По земле – вьюжит. Лошаденка, какую староста дал – а выбрал, ирод, что похужей, оно и понятно, царские гарантии гарантиями, но хозяйство на них не выстроишь, – бредет, нога за ногу цепляет. Чай, не рысак, чтоб лететь по бездорожью. Слева Лойко сопит, того и гляди лопнет, не то от злости, которой выхода нету, не то от обиды, не то от мыслей, каковые евонной голове тоже непривычные. Справа Ильюшка пальчиком оглоблю ковыряет, задуменный-задуменный, вперился взглядом в широкую Фрола Аксютовича спину и мозолит, мозолит… как до дыр не измозолил – сама не знаю.
Фрол Аксютович если и чуял чего, то ни словечком не обмолвился.
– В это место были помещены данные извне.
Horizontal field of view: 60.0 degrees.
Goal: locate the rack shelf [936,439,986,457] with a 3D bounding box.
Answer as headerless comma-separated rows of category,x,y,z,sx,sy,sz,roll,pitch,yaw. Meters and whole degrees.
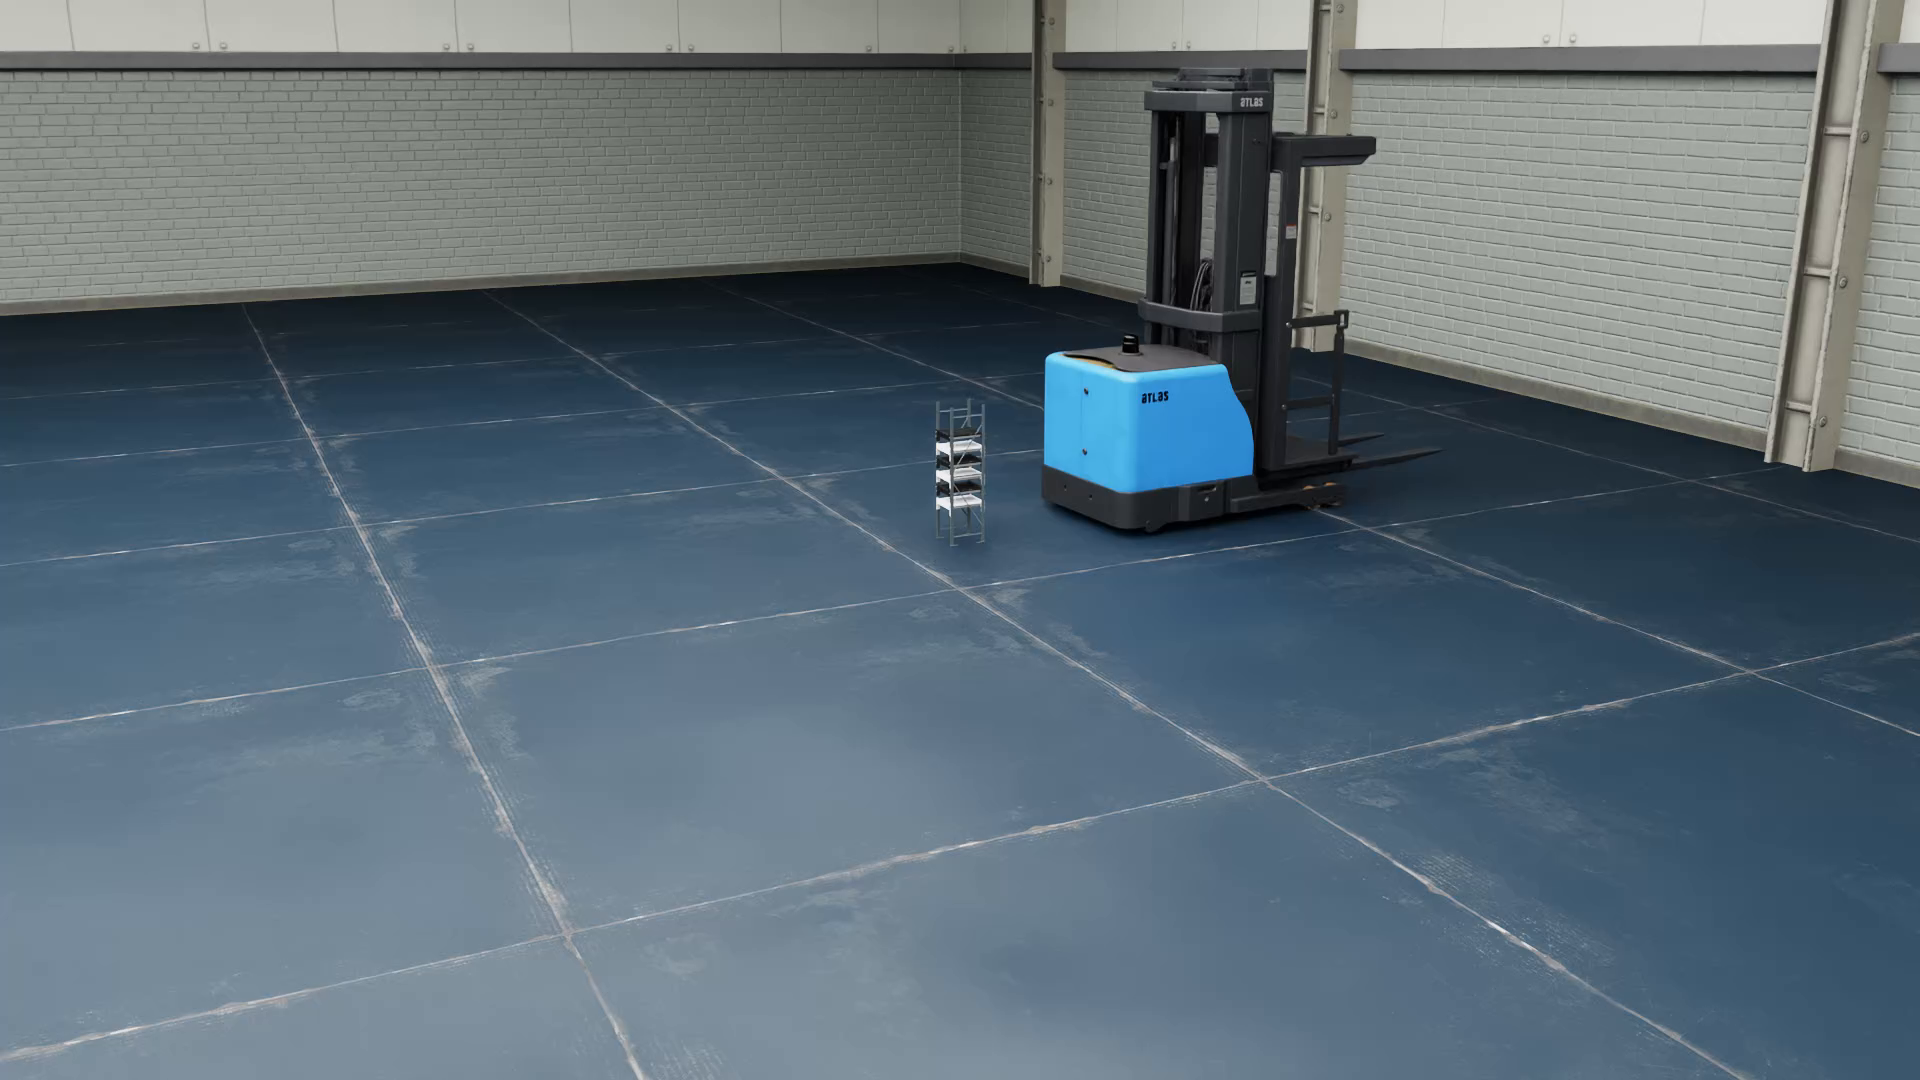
rack shelf,0.004,-0.572,10.579,0.258,0.077,0.200,-8,18,-25

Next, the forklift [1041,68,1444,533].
forklift,2.099,-1.733,11.477,3.031,2.935,1.130,-9,18,-29

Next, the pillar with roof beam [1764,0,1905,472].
pillar with roof beam,2.577,-4.385,9.717,9.100,9.000,0.400,-8,18,-25

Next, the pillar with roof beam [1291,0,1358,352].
pillar with roof beam,-0.052,-5.873,14.902,9.100,9.000,0.400,-8,18,-25

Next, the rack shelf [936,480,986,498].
rack shelf,0.004,-0.312,10.654,0.258,0.077,0.200,-8,18,-25

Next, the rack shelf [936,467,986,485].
rack shelf,0.004,-0.398,10.629,0.258,0.077,0.200,-8,18,-25

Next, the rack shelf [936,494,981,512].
rack shelf,0.004,-0.225,10.678,0.258,0.077,0.200,-8,18,-25

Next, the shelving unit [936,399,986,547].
shelving unit,0.004,-0.431,10.620,0.258,0.900,0.210,-8,18,-25

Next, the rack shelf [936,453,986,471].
rack shelf,0.004,-0.485,10.604,0.258,0.077,0.200,-8,18,-25

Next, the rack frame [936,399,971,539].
rack frame,-0.041,-0.456,10.707,0.240,0.900,0.006,-8,18,-25

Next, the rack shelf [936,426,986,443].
rack shelf,0.004,-0.658,10.554,0.258,0.077,0.200,-8,18,-25

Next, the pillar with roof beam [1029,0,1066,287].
pillar with roof beam,-2.680,-7.361,20.086,9.100,9.000,0.400,-8,18,-25

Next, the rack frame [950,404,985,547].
rack frame,0.048,-0.405,10.532,0.240,0.900,0.006,-8,18,-25
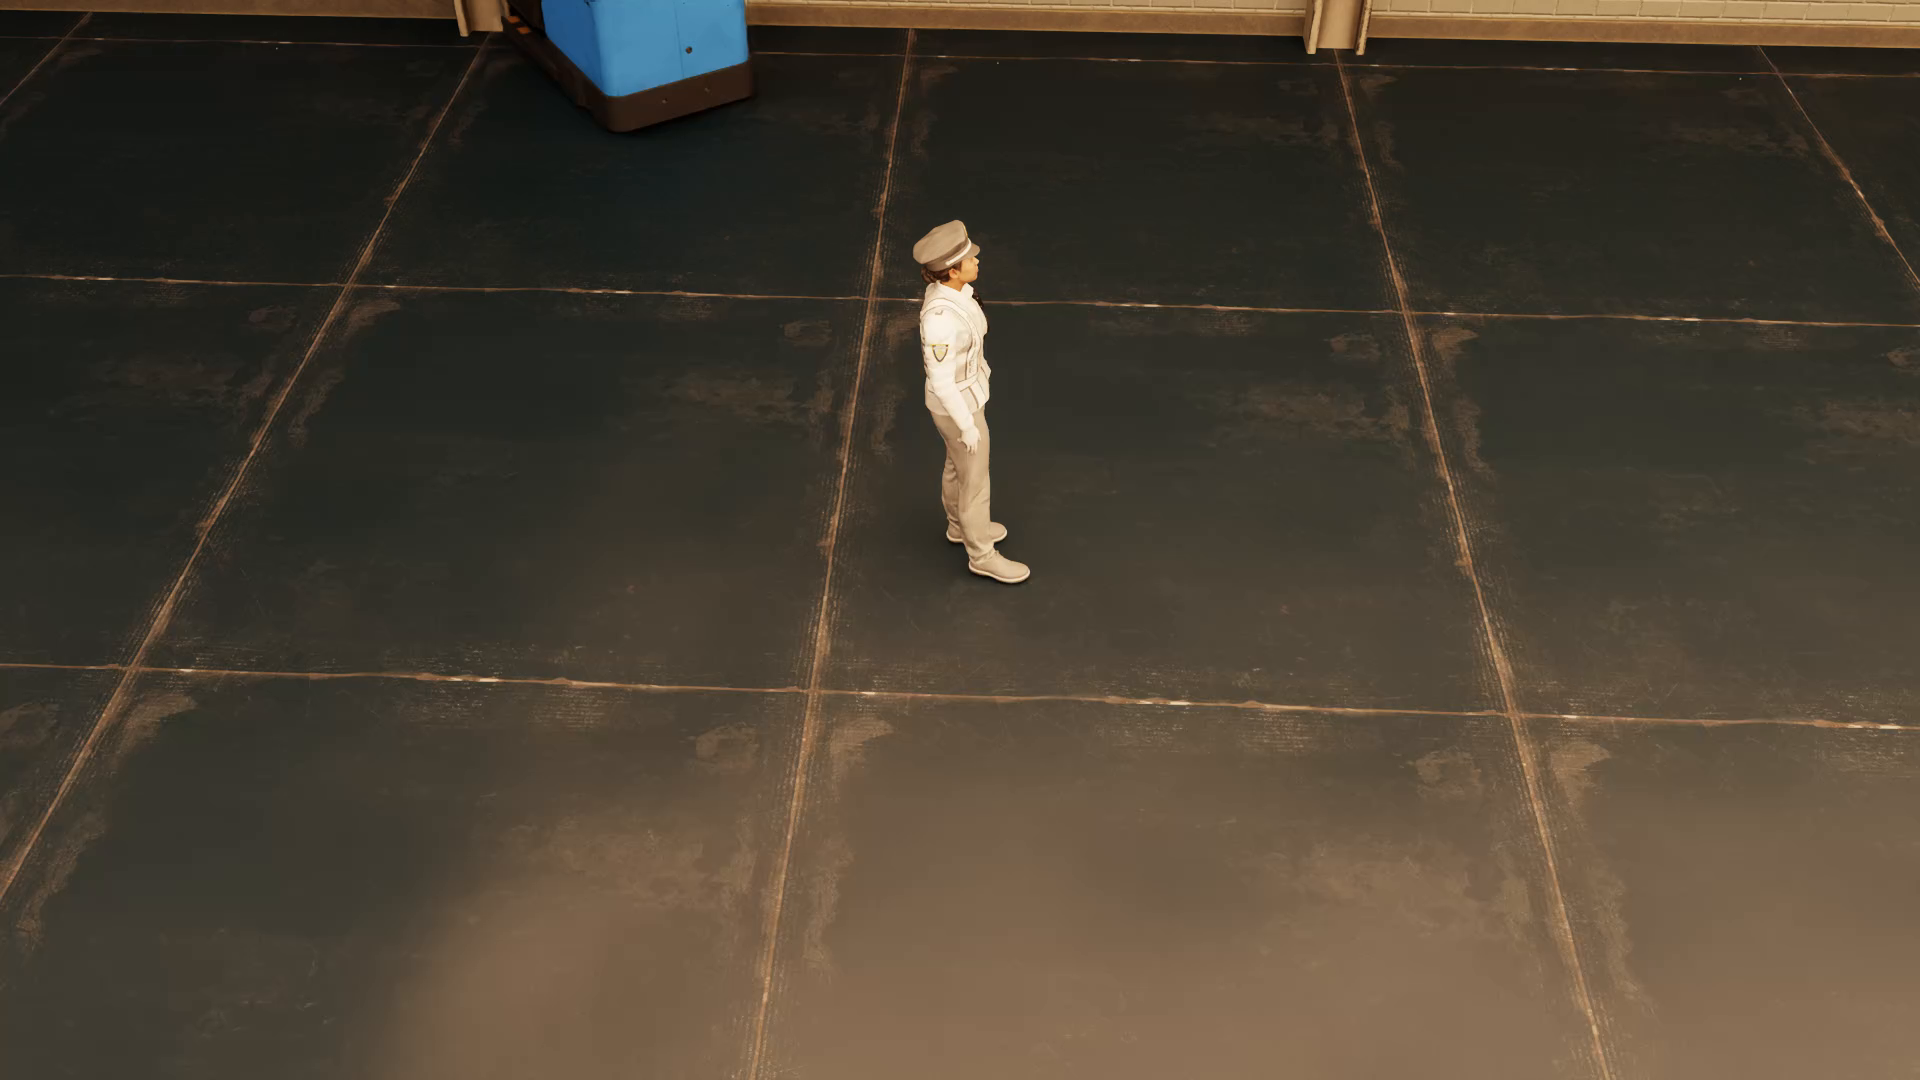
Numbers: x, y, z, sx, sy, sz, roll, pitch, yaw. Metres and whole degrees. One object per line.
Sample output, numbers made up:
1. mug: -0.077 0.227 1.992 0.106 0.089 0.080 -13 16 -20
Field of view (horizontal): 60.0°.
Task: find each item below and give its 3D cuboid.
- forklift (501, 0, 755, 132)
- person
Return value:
1. forklift: -2.582 -4.671 10.859 1.130 2.935 3.031 -23 47 -23
2. person: 0.069 -0.624 7.333 0.530 1.694 0.586 2 42 2
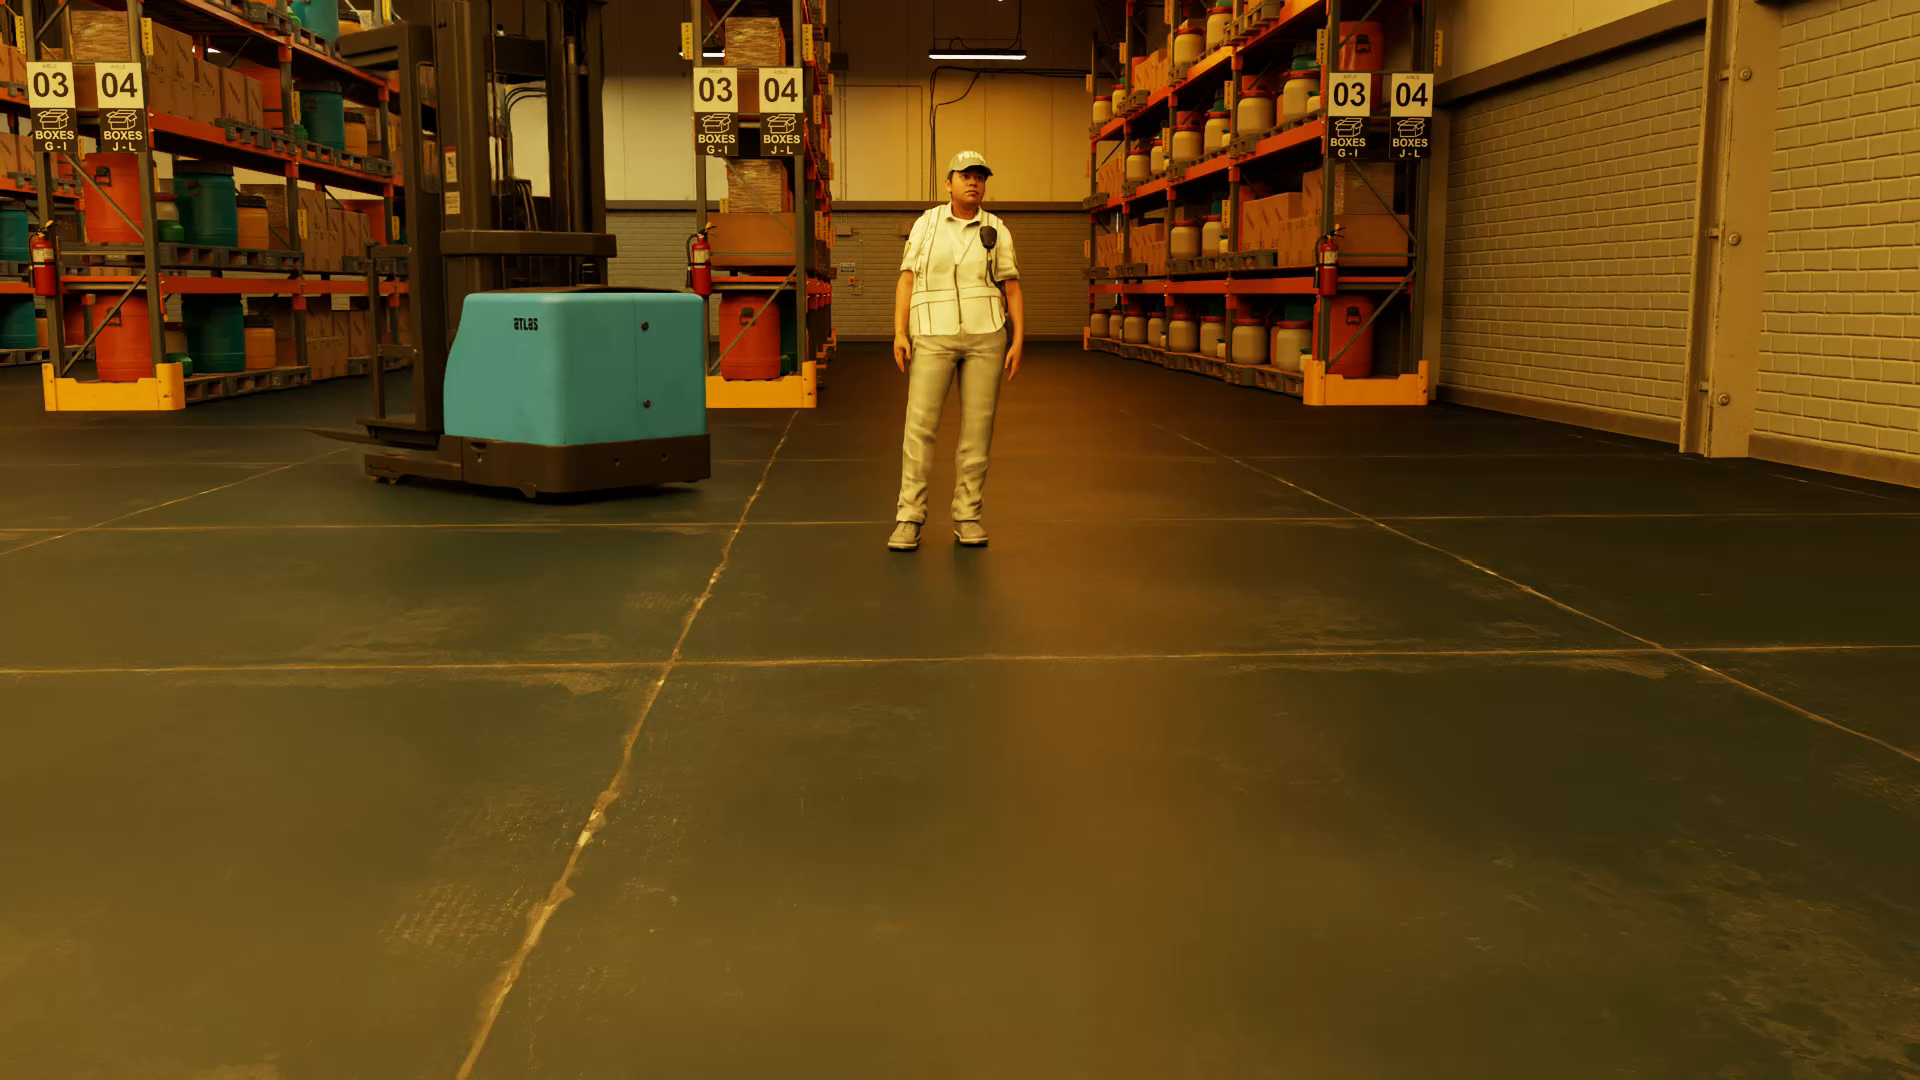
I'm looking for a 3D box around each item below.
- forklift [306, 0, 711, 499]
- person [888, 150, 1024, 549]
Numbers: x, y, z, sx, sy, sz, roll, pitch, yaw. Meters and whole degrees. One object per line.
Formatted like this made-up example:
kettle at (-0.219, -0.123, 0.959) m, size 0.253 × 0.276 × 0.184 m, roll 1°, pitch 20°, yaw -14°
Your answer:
forklift at (-2.795, -1.816, 9.561) m, size 3.031 × 2.935 × 1.130 m, roll 8°, pitch 11°, yaw 42°
person at (-0.018, -0.820, 7.110) m, size 0.598 × 1.670 × 0.529 m, roll -1°, pitch 8°, yaw -4°
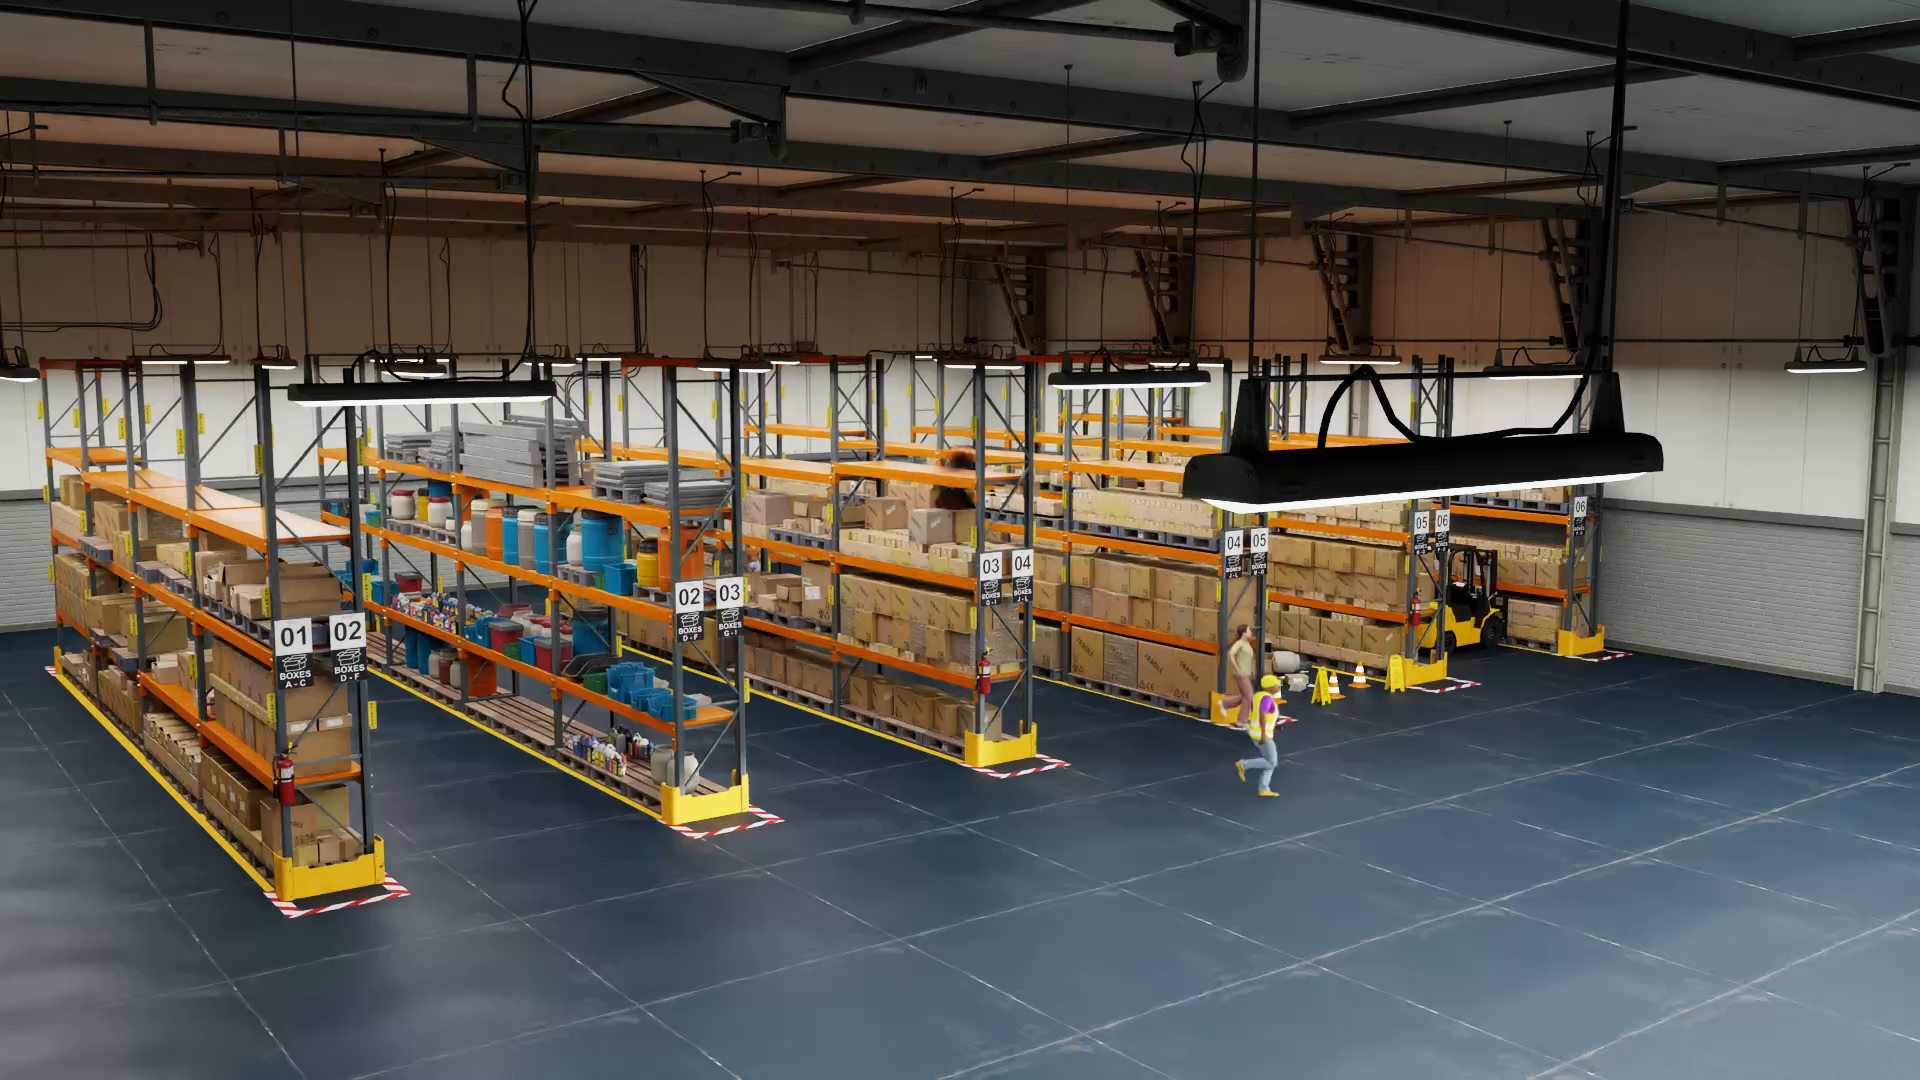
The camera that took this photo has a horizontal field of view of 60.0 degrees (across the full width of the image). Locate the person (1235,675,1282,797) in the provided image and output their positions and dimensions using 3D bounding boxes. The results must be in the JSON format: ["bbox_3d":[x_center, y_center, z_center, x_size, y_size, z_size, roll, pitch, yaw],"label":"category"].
[{"bbox_3d":[4.172,2.731,23.126,0.701,1.718,0.739,-1,7,-4],"label":"person"}]

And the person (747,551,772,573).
[{"bbox_3d":[-4.488,1.041,37.506,0.621,1.617,0.548,-5,9,-38],"label":"person"}]

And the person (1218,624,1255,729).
[{"bbox_3d":[4.461,2.135,26.377,0.599,1.618,0.620,4,8,29],"label":"person"}]

Знай песенку насвистывает, лошаденку погоняет…
Одного разочку только, когда за Серпухами завыла грозно волчья стая, очнулся будто бы. Голову поднял, повел носом, принюхиваясь – а пахло дымком, мехами лежалыми да табаком-самосадом, – и кулаком погрозил будто бы. Волки сразу и смолкли.
Нет, ехали мы неспешно.
Цельную седмицу добирались. Хватило, чтоб и в моей голове, которая, стало быть, не только косу носить сотворена, всякого забродило.
Верно сказал.
Чародеи царю клянутся кровью своею и жизнью. А бояре, стало быть, не указ им. Многим ли сие не по нраву? Ох, мыслю, каждому второму, ежель не каждому первому. Магик – это сила, да такая, супротив которой войско не соберешь… что некроманту войско? Дунет, плюнет, скажет слово заветное, и разлетится по войску черная лихоманка. Аль люди живые неживыми станут.
Аль еще чего…
Стихийники и того паче, про боевиков и вспоминать нечего… нет, пока стоит за троном царским Акадэмия, то и бунта бунтовать бояре не посмеют. Да и как забузишь? Чародейскую силу ни стеною крепостной, ни рвом не остановишь. Закроется ров. Осыплется стена. А то и хуже, разверзнется земля тысячью ртов да и проглотит усадьбу боярскую вместе со всеми людями. Оттого и сидят бояре тихо, плетут заговоры паучьи, а в открытую ежель и держат войско, то малое…
Тяжко.
Мысли скрипели, что колеса тележные. И не только у меня.
Первою ж ночью заговорили. А ночевали мы в Горбуньках, деревушке махонькой, чтоб не сказать, вовсе глухой, одичалой. Десяток дворов протянулись вдоль кривого речного бережка. И дома-то бедные, один другого ниже. Иные и вовсе без окон, с крышами, дранкою крытыми. Стены зеленым мхом поросшие, глиняными заплатами латанные. Да и сами домишки – как двоим развернуться.
Фролу Аксютовичу, само собой, в старостиной, приличной избе местечко отыскалось. А нас, как студиозусов, стало быть, в сараину определили. Сараина эта из досок лядащих строена была, зыркаста, что зубы старческие, и ветрами всеми продуваема. Сено в ней и то корочкой ледяною покрылось. Ну да грех жалиться, живы – и уже радость. Ежель закопаться поглубже да в одеяла закрутиться, оно и ладно будет.
А лошаденку жаль, как бы не сколела до утра, мнится мне, что иной нам туточки не добыть.
Бояре мои, ежель чего и думали про Горбуньковское гостеприимство, то вслух ни словечком не обмолвилися. И девку, которая нам горшок с репою пареной и хлеба половинку вынесла, поблагодарили любезно. Оно и верно, нет беды хозяев в бедности, чего имеют, тем и делятся.
Сало-то ладное было, крепкого просолу.
Да и репа хороша уж тем, что горяча. Ели, ложки облизывали… на друг друга не глядючи, будто бы вороги один одному.
Тяжко.
– Думаешь, сдадут? – у кого Лойко спрашивал, у меня ли, у Ильюшки, который в сено закопался, что твой мышак, не знаю.
Но ответил Ильюшка.
Сначала-то рученьки из стогу высунул, скрутил фигу – не фигу, так, знаку тайную, полог растягивая. Тот и встал, синий, дыркастый – умения Ильюшке все ж недоставало, – но какой был.
– Нет, – он говорил тихо и как-то обреченно. – Не выдадут. Если до сих пор, то теперь и подавно…
– Ну да…
Лойко в горшок руку сунул, остатки репы выгребая.
– А зачем тогда…
– Затем, чтоб на рожон не лезли, – это уже было сказано со злостью. – И чтоб думали, прежде чем рот разевать. Слово-то за слово… если кого-то из нас на измене зацепят, всей Акадэмии плохо будет.